A business meeting that is anticipated to last more than a week should be fully explained by disclosing a schedule of meetings. If it’s your intent to enter the United States for a meeting that will span several weeks or months, chances are you may be improperly classifying your proposed activities as “business visitor” and you may be offside of U.S. immigration laws, which is not something you want to be, given it may jeopardize your chances of returning to the U.S., even for a holiday.
Clearly, you aren’t permitted to enter the country to provide services to a U.S. business or client or to engage in work for a U.S. company while getting paid from a U.S. source, without obtaining valid work authorization. This includes independent contractors providing services to U.S. clients while in the United States where the contractor gets paid by having funds wired to his or her Canadian bank account.
So what do you do for a longer term stays in the United States, where you actually need to live and be paid there?
Treaty National (TN) Status for Professionals
For stays in the United States that could be characterized as “employment,” Ms. Naqvi explains that if you’re a Canadian citizen, it may be possible for you to obtain authorization to work in the United States as a NAFTA professional.
NAFTA outlines a series of more than 60 “professional occupations” that qualify for a work authorization known as treaty national or TN status. If you fall into this category, and other admissibility criteria are satisfied, applicants with the proper documentation will normally be permitted entry at U.S. preclearance at Canadian airports or at U.S. land border crossings.
Accountants, architects, computer systems analysts, engineers, graphic designers, scientists, lawyers, management consultants and physicians are a few examples of the applicable professions covered by TN status. Each professional category has its own minimum educational requirements and/or experience requirements that applicants must satisfy. If they don’t, they will not be as approved for TN status.

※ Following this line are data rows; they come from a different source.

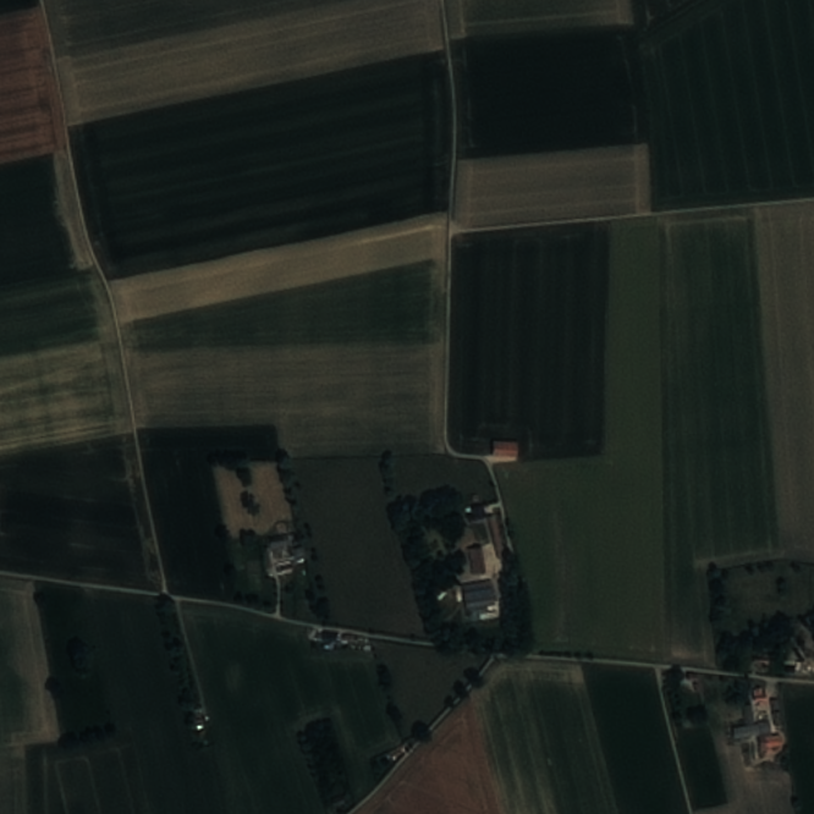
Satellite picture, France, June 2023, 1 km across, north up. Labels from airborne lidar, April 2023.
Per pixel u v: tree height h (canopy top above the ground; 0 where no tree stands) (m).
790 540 0
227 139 0
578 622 0
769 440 0
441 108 0
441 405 0
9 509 0
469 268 0
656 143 0
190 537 0
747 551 0
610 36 0
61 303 0
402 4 0
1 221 0
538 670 0
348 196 0
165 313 0
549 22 0
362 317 0
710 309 0
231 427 0
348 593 0
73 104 0
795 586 0
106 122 0
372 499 0
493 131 0
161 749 0
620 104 0
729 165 0
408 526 9
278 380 0
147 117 0
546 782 0
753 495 0
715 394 0
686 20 0
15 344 0
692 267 0
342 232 0
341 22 0
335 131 0
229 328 0
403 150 0
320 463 0
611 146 0
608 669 0
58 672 0
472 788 0
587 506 0
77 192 0
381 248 0
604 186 0
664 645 0
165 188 0
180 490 0
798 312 0
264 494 0
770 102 0
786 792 0
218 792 0
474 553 0
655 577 0
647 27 0
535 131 0
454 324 0
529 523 0
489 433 0
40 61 0
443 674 0
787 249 0
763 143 0
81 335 0
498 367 0
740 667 8
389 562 0
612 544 0
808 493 0
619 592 0
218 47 0
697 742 0
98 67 0
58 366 0
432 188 0
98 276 0
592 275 0
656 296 0
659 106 0
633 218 0
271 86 0
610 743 0
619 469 0
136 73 0
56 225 0
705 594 0
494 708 0
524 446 0
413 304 0
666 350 0
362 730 0
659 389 0
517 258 0
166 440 0
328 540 0
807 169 0
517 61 0
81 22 0
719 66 0
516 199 0
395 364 0
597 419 0
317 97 0
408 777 0
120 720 0
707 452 0
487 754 0
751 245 0
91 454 0
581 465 0
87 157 0
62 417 0
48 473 0
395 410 0
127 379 0
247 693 0
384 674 15
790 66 0
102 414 0
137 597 0
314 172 0
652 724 0
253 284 0
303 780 0
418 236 0
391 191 0
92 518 0
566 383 0
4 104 0
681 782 0
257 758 0
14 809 0
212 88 0
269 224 0
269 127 0
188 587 0
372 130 0
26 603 0
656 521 0
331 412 0
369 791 0
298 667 0
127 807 0
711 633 0
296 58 0
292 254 0
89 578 0
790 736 0
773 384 0
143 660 0
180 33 0
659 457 0
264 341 0
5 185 0
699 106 0
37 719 0
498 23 0
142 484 0
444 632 16
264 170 0
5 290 0
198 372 0
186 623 0
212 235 0
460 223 0
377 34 0
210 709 0
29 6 0
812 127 0
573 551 0
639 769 0
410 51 0
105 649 0
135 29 0
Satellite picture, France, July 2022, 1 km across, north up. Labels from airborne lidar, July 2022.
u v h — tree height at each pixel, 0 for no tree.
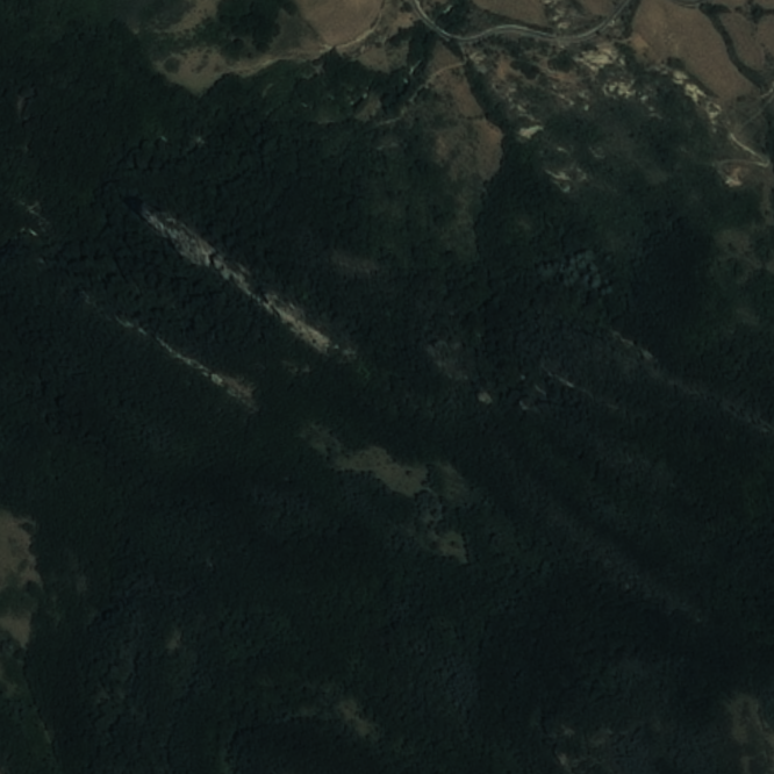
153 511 14
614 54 0
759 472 8
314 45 0
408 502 17
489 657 26
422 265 9
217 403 9
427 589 20
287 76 8
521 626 18
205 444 12
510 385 8
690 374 21
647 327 16
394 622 9
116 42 15
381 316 14
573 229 11
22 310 15
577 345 6
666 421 6
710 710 10
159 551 17
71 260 7
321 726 20
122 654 13
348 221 11
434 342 12
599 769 9
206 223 8
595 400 8
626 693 6
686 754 11
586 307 14
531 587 22
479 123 0
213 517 17
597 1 0
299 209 21
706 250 12
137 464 27
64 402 32
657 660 10
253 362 8
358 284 10
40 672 16
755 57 0
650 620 18
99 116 27
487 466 15
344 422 16
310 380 12
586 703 7
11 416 17
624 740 11
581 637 22
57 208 16
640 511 6
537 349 7
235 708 17
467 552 11
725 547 11
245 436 17
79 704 15
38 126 24
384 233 6
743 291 8
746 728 0
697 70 0
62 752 20
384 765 12
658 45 0
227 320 14
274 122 9
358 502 17
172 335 9
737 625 9
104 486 18
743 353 5
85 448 23
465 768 19
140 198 19
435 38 6
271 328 13
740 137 0
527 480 8
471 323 19
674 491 14
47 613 8
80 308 8
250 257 23
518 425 20
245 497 23
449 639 17
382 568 19
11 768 8
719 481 9
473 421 15
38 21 6
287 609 16
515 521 13
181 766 15
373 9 0
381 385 9
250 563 12
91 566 13
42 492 16
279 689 12
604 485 12
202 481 24
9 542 0
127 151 26
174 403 10
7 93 26
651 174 0
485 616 15
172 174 23
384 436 18
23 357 12
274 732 22
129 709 15
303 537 25
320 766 17
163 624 11
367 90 11
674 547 10
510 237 9
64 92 19
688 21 0
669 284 13
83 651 17
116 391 12
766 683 13
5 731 12
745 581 9
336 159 13
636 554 8
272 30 14
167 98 9
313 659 20
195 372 9
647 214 10
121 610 14
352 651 14
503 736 11
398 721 19
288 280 15
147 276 20
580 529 8
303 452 17
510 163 10
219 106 12
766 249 7
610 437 10
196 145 13
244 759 11
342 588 20
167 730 9
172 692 11
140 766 10
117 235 16
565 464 18
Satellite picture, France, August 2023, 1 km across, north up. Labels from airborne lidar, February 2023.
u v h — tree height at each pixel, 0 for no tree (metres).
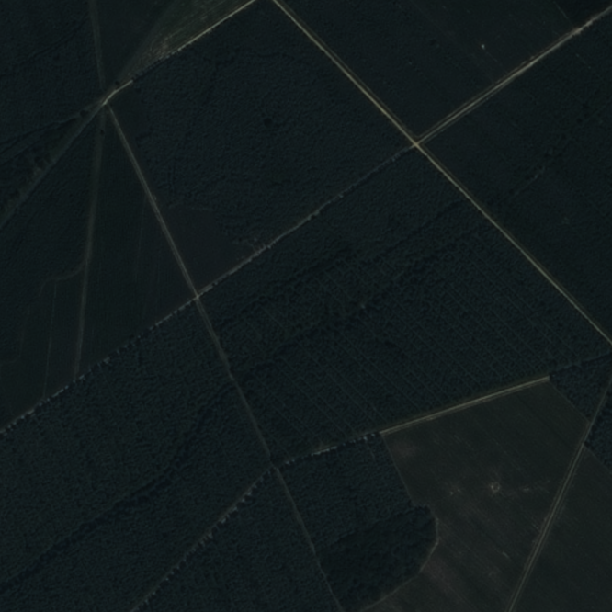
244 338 14
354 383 16
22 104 9
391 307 14
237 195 8
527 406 0
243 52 10
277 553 15
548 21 0
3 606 21
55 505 17
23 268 7
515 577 0
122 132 0
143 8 0
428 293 18
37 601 20
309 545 19
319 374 15
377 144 11
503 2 0
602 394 14
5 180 17
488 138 8
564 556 0
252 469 16
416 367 15
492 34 0
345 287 16
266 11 7
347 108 10
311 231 9
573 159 8
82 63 9
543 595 0
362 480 14
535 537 0
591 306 7
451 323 16
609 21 7
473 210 12
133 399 18
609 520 0
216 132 9
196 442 13
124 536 15
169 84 13
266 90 13
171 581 15
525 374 15
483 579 0
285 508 13
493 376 15
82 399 18
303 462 15
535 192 7
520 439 0
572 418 0
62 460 16
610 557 0
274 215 14
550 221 7
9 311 6
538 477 0
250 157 10
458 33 0
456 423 0
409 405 13
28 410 0
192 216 0
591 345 17
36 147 10
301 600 13
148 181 0
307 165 8
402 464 0
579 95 9
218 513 14
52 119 9
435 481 0
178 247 0
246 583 19
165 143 9
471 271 16
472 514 0
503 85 0
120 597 18
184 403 20
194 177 12
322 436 15
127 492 18
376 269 17
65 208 6
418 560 19
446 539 0
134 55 0
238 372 19
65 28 9
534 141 8
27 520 18
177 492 17
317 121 11
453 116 0
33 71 9
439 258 13
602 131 8
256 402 9
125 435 20
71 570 19
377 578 15
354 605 17
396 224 12
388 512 19
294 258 10
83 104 10
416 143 0
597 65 9
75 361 0
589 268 7
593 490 0
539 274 10
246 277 8
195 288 0
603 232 7
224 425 12
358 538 14
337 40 6
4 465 18
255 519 16
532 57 0
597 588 0
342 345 15
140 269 0
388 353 16
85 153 8
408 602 0
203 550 13
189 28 0

To qualify for a TN NAFTA work authorization, you must have a clear and comprehensive letter from your proposed employer or client in the United States that includes proof of the temporary position in the United States (referred to as a “supernumerary” position), the professional job description, the temporary nature of the work in the United States (a maximum of three years may be permitted at a time), the amount of remuneration you will receive, evidence that you meet the professional qualifications pursuant to NAFTA, as well as the U.S. company’s requirements for the position.
You must also have proof of your academic qualifications, prior professional experience if applicable, and proof of your Canadian citizenship. Intent to maintain your permanent residence in Canada throughout your TN status is also required. For that reason, it is a good idea to have documentary evidence of a Canadian residence. Many Canadians who obtain TN status permanently live and reside in Canada while travelling to the U.S. intermittently to engage in professional duties.
TN applications can be put together by the applicant, but often the applicant or his or her employer will have a lawyer do it for them, and shepherd the documentation through the system.
Ms. Naqvi states that common reasons for refusal of TN status under NAFTA are the production of vague employment letters, a failure of the applicant to demonstrate his or her professional requirements, a job description for a position in the U.S. that doesn’t match the profession (for example, a computer programmer applying for the position of computer systems analyst), or submitting an application in advance at the U.S. border while not being on the way to commence work in the U.S. that day, which is a requirement that surprises most people.